EXERCISE DIRECTIONS: Search the records below for the string "staatssecretaris" and copy each line where it turns up.

══ RAW DATA

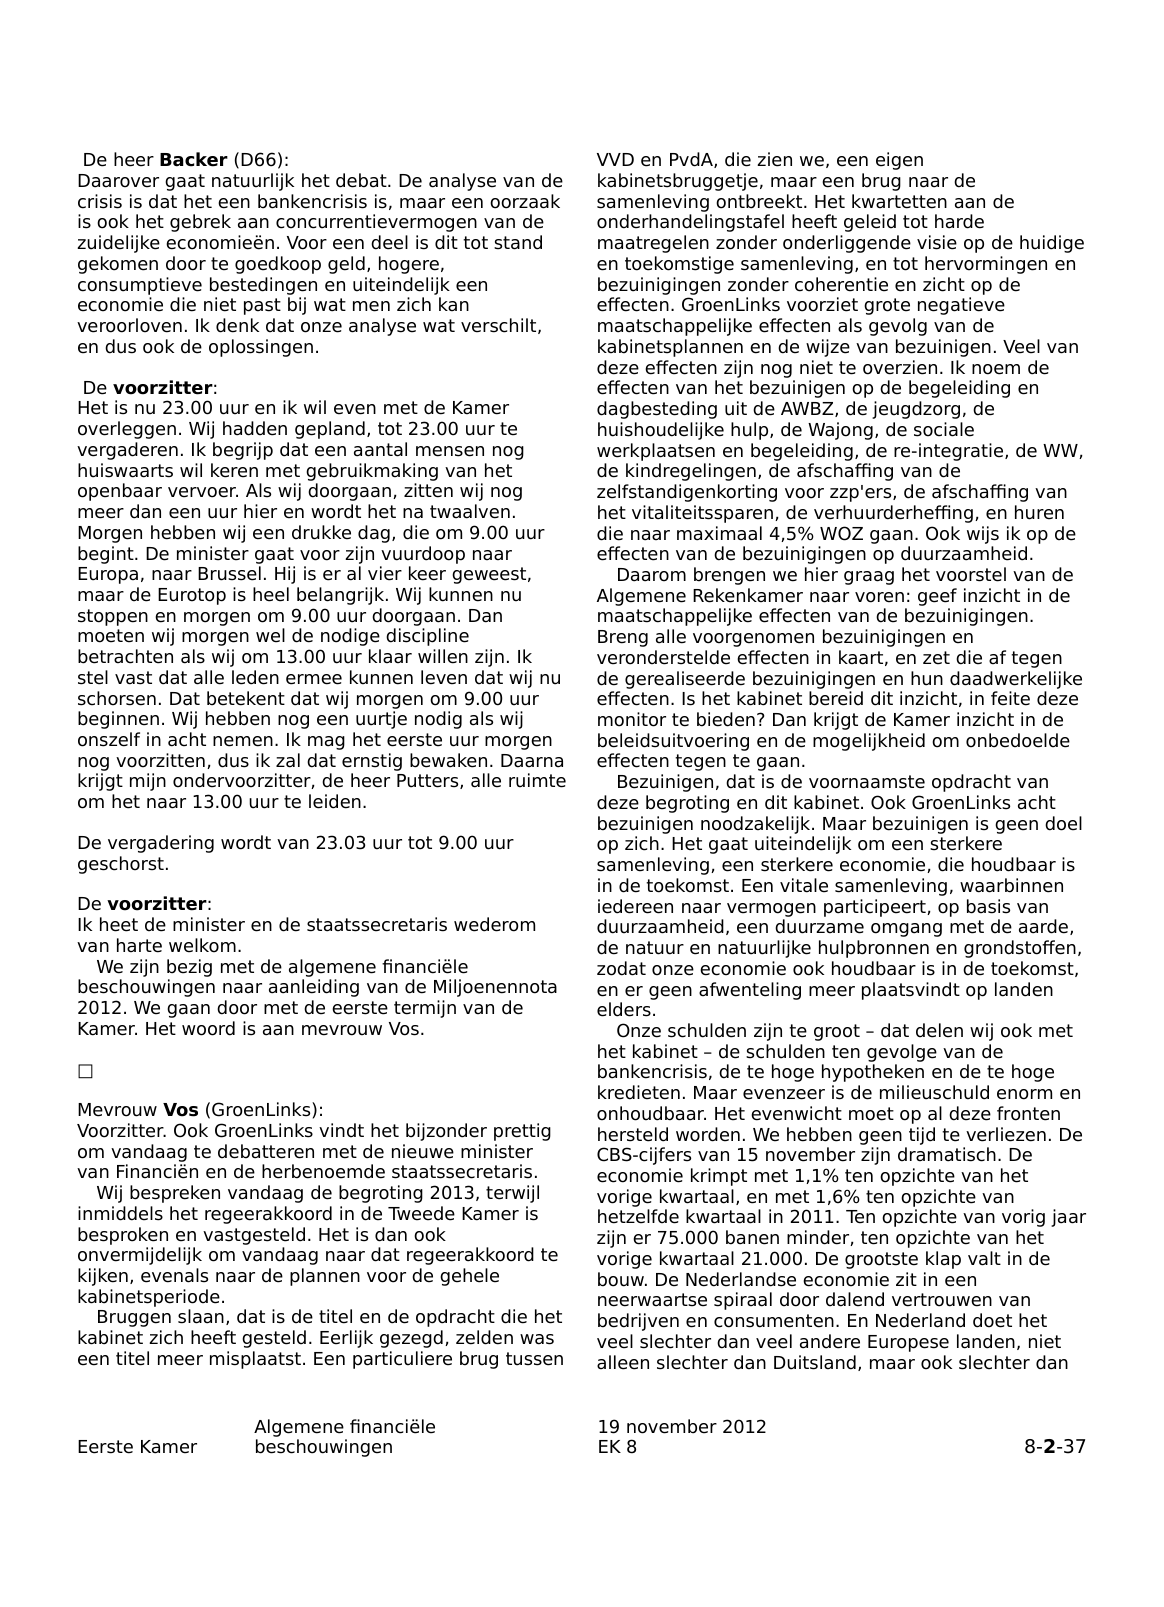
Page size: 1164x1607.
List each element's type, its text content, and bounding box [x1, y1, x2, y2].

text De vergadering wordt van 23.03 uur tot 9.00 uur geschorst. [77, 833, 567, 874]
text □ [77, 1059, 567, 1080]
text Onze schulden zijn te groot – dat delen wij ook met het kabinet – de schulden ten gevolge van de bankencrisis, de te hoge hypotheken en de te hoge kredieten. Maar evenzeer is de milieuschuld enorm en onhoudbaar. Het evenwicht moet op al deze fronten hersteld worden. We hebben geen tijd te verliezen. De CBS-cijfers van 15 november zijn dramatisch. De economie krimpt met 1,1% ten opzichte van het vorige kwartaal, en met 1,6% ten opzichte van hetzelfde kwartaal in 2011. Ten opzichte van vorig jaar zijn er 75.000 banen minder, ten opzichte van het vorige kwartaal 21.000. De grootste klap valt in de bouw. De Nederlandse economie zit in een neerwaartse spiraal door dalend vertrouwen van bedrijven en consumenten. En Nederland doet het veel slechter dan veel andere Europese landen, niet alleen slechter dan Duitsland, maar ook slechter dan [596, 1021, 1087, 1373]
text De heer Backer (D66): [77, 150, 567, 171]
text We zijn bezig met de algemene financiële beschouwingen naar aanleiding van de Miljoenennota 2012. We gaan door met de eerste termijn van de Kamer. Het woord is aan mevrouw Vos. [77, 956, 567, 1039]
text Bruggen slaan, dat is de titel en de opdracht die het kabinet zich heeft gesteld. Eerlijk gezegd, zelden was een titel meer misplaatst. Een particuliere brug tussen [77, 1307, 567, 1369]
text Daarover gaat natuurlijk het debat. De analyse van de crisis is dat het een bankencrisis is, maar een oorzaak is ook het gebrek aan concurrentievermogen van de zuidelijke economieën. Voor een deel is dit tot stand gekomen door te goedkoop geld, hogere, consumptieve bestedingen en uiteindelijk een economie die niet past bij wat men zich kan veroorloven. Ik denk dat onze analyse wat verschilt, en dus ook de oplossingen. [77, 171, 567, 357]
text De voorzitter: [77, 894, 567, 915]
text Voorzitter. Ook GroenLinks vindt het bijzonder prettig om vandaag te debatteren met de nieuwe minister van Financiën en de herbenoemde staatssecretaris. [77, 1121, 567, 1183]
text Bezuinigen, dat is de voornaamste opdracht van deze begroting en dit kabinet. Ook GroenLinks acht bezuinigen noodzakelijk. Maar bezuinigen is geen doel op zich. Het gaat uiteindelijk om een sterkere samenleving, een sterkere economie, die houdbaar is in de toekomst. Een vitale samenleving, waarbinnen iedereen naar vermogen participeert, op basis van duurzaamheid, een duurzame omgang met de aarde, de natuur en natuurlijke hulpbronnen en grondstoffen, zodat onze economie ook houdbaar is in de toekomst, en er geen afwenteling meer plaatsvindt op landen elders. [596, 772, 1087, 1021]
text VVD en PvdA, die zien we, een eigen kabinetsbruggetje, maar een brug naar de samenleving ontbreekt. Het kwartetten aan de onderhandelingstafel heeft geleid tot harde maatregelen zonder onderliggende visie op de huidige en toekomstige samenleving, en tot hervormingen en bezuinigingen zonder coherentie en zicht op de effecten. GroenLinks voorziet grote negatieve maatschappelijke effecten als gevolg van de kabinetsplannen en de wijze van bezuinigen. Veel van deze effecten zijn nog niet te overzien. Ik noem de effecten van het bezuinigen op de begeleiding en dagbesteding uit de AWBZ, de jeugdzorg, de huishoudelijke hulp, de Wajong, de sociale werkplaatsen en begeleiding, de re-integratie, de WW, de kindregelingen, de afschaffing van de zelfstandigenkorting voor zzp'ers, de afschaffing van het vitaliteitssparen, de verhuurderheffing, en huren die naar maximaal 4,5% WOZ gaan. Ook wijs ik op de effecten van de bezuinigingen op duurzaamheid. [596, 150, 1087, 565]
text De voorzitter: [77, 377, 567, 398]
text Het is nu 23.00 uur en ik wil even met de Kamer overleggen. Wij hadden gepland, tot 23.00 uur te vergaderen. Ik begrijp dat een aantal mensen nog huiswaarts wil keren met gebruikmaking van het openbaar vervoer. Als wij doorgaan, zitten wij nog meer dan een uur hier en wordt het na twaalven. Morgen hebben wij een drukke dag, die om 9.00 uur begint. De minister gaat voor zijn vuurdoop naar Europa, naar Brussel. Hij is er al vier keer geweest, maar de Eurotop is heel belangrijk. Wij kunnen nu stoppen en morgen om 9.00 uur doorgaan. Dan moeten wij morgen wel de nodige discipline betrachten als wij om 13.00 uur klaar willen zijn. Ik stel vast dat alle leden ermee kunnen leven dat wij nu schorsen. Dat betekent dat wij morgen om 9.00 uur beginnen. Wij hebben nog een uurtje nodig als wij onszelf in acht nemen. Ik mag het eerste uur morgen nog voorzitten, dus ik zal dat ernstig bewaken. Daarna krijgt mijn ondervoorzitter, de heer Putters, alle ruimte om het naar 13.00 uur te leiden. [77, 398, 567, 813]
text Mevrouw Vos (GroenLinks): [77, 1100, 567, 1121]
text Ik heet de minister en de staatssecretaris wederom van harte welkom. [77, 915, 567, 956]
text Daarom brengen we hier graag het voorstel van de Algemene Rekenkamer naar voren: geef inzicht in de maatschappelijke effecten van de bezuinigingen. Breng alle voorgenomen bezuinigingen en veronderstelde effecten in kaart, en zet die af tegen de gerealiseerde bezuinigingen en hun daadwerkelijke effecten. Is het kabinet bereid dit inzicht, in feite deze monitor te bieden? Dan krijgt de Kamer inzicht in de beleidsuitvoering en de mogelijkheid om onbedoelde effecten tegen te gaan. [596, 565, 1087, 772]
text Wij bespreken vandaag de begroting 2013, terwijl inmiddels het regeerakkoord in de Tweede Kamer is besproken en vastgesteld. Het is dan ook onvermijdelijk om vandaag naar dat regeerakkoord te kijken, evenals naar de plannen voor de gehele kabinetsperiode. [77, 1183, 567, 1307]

════

TASK RESULT:
text Voorzitter. Ook GroenLinks vindt het bijzonder prettig om vandaag te debatteren met de nieuwe minister van Financiën en de herbenoemde staatssecretaris. [77, 1121, 567, 1183]
text Ik heet de minister en de staatssecretaris wederom van harte welkom. [77, 915, 567, 956]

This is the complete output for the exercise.